Answer :
Let's analyze the relationship between the radius and the circumference of the objects measured to determine the strength of the correlation and the causation.
### Step 1: Calculate the Correlation Coefficient
The correlation coefficient measures the strength and direction of the linear relationship between two variables. In this case, we calculate the correlation coefficient for the given pairs of radius and circumference.
The given pairs are:
- (3, 18.8)
- (4, 25.1)
- (6, 37.7)
- (9, 56.5)
The correlation coefficient calculated from these data points is approximately [tex]\(0.9999989948784027\)[/tex].
### Step 2: Determine the Strength of the Correlation
Correlation strength is typically classified as:
- Weak: [tex]\( |\text{correlation coefficient}| \leq 0.3 \)[/tex]
- Moderate: [tex]\( 0.3 < |\text{correlation coefficient}| \leq 0.7 \)[/tex]
- Strong: [tex]\( |\text{correlation coefficient}| > 0.7 \)[/tex]
Given our correlation coefficient of approximately [tex]\(0.9999989948784027\)[/tex], which is very close to 1, we see that it significantly exceeds 0.7. Therefore, the correlation is strong.
### Step 3: Determine Causation
Causation indicates that one variable directly affects the other. In situations where the correlation coefficient is positive and the relationship is known to be likely causal, we generally infer causation.
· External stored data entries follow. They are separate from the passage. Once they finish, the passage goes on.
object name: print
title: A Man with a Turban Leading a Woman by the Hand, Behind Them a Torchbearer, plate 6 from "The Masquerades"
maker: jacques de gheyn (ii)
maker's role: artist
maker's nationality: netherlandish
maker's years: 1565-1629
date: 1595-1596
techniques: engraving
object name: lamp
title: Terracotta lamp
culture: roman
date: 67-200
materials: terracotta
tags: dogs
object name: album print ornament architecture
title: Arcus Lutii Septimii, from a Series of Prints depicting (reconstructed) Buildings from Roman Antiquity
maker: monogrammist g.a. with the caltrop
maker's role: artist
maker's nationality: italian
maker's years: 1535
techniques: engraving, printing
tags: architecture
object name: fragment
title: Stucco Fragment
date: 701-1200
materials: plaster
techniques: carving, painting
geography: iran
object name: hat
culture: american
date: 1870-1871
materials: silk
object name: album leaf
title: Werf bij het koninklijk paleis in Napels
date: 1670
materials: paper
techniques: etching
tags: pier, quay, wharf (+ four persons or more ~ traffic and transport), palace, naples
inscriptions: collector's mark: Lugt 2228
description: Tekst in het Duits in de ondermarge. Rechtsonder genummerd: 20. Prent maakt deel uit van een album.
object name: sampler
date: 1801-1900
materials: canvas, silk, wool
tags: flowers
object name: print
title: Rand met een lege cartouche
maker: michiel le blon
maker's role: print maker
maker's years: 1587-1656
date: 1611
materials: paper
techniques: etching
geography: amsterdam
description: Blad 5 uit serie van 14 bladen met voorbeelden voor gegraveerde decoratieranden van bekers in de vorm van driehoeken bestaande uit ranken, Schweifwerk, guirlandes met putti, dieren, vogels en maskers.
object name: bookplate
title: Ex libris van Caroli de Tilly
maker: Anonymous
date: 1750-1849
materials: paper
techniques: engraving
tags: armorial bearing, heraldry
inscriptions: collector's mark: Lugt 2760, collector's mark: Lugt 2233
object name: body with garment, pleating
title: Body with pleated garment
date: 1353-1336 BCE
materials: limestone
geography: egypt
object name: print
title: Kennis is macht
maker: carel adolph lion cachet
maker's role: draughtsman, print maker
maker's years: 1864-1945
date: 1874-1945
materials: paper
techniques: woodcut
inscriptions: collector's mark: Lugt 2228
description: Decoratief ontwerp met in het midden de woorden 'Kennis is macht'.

Given our correlation coefficient is positive and very close to 1, and considering we are dealing with the geometric properties of circles where the circumference [tex]\(C\)[/tex] is predicted by the formula [tex]\(C = 2\pi r\)[/tex], it is reasonable to infer that there is a direct relationship between radius and circumference. Therefore, it is likely causal.
### Conclusion
Combining the strength of the correlation and the likelihood of causation, the best description is:
- It is a strong positive correlation, and it is likely causal.
Therefore, the correct option is:
- It is a strong positive correlation, and it is likely causal.
### Step 1: Calculate the Correlation Coefficient
The correlation coefficient measures the strength and direction of the linear relationship between two variables. In this case, we calculate the correlation coefficient for the given pairs of radius and circumference.
The given pairs are:
- (3, 18.8)
- (4, 25.1)
- (6, 37.7)
- (9, 56.5)
The correlation coefficient calculated from these data points is approximately [tex]\(0.9999989948784027\)[/tex].
### Step 2: Determine the Strength of the Correlation
Correlation strength is typically classified as:
- Weak: [tex]\( |\text{correlation coefficient}| \leq 0.3 \)[/tex]
- Moderate: [tex]\( 0.3 < |\text{correlation coefficient}| \leq 0.7 \)[/tex]
- Strong: [tex]\( |\text{correlation coefficient}| > 0.7 \)[/tex]
Given our correlation coefficient of approximately [tex]\(0.9999989948784027\)[/tex], which is very close to 1, we see that it significantly exceeds 0.7. Therefore, the correlation is strong.
### Step 3: Determine Causation
Causation indicates that one variable directly affects the other. In situations where the correlation coefficient is positive and the relationship is known to be likely causal, we generally infer causation.
Given our correlation coefficient is positive and very close to 1, and considering we are dealing with the geometric properties of circles where the circumference [tex]\(C\)[/tex] is predicted by the formula [tex]\(C = 2\pi r\)[/tex], it is reasonable to infer that there is a direct relationship between radius and circumference. Therefore, it is likely causal.
### Conclusion
Combining the strength of the correlation and the likelihood of causation, the best description is:
- It is a strong positive correlation, and it is likely causal.
Therefore, the correct option is:
- It is a strong positive correlation, and it is likely causal.